Dave Mustaine needed a little help from the crowd on this one, but it all made for a hella fun, thrashing good time



Before Megadeth seize the stage to headline Bloodstock 2023, the US thrashers’ video backdrops play a compilation of Vic Rattleheads gone by. The skeletal mascot’s appearances on a host of artworks fade in and out, covering everything from signature single Holy Wars…The Punishment Due to last year’s The Sick, The Dying… And The Dead! album. It’s the perfect introduction for a set that, over the next 90 minutes, will blast out classic tracks from every era of this band’s four-decade history.

Opener Hangar 18 does plenty to explain how Megadeth have endured this long. The 1990 Rust In Peace favourite is emblematic of the band’s early golden age, imbuing finger-shredding technicality with genuine hooks and melody. First you’re moshing to those rallying chords and crying out that hook of “Hangar 18! I know too much!”, then you’re spending the next three minutes asking how Mustaine and co-guitarist Kiko Loureiro aren’t soloing their calluses off.

Megadeth’s more straightforward mid-’90s arena-metal days also enjoy pride of place in the setlist. Sweating Bullets – which sees Mustaine interrupt his own ranting verses with just three chords – rocks up early to unite the crowd in singalong. An evocative À Tout Le Monde and bouncing Symphony Of Destruction achieve similar interactivity, especially when the latter gets everyone chanting “Megadeth!” in time with its easy-as-pie riff.

Sadly, although the selection of songs is iron-clad, Megadeth aren’t bulletproof performers. They’re technically spotless; Loureiro’s all smiles, and drummer Dirk Verbeuren and bassist James LoMenzo are both high-energy, but Mustaine’s vocals never match the savagery of his riffs. It’s an issue that’s been well documented lately, further exacerbated by the low mix on his microphone, turning tonight more into heavy metal karaoke than a statement of continuing intensity.

MegaDave seems in high spirits, though. Despite one bizarre diatribe about a blow-up unicorn in the crowd (“I’m sorry you spent the whole afternoon blowing that thing up – and that you probably enjoyed it”), Megadeth’s architect of aggression seems genuinely humbled by the occasion. He even states that the sole new song in the set, 2022’s We’ll Be Back, is hardly “the national anthem” – a rare self-deprecating statement given its slicing guitars and breakneck pace encapsulate many of this band’s best aspects.
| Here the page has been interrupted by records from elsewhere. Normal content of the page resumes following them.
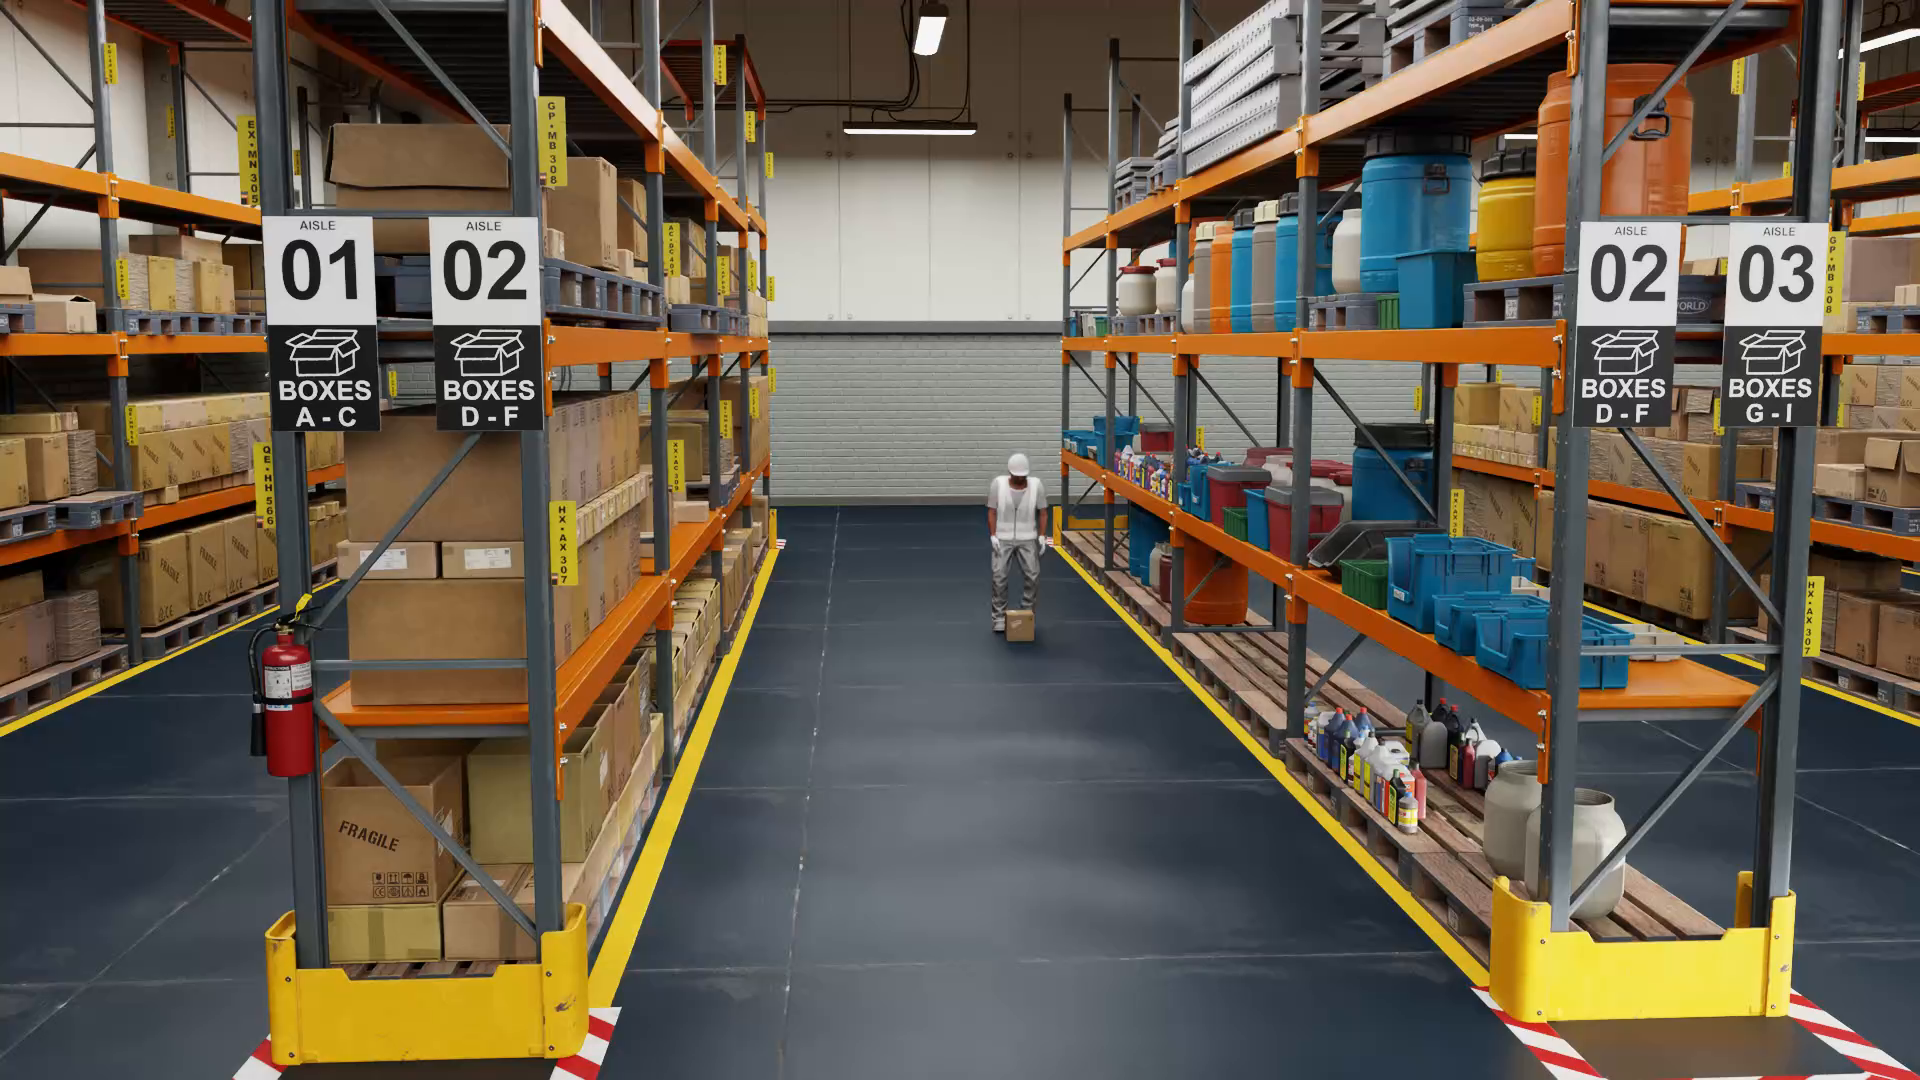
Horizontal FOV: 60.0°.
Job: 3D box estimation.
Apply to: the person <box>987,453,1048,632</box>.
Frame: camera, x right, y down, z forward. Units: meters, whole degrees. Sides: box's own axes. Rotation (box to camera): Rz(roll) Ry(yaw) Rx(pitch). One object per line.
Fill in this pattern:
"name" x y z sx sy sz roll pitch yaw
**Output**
"person" 0.550 0.018 15.832 0.580 1.709 0.497 0 7 -1

The usual series of thrash metal oldies finish the set, with Peace Sells marching into Mechanix and a climactic Holy Wars…. The escalating speed and proficiency of the trio build the evening to an apex of excitement. Even if much of this crowd is better at singing these songs than Mustaine is, it doesn’t damper the joy shared by these 20,000 onlookers as they filter out into the Midlands.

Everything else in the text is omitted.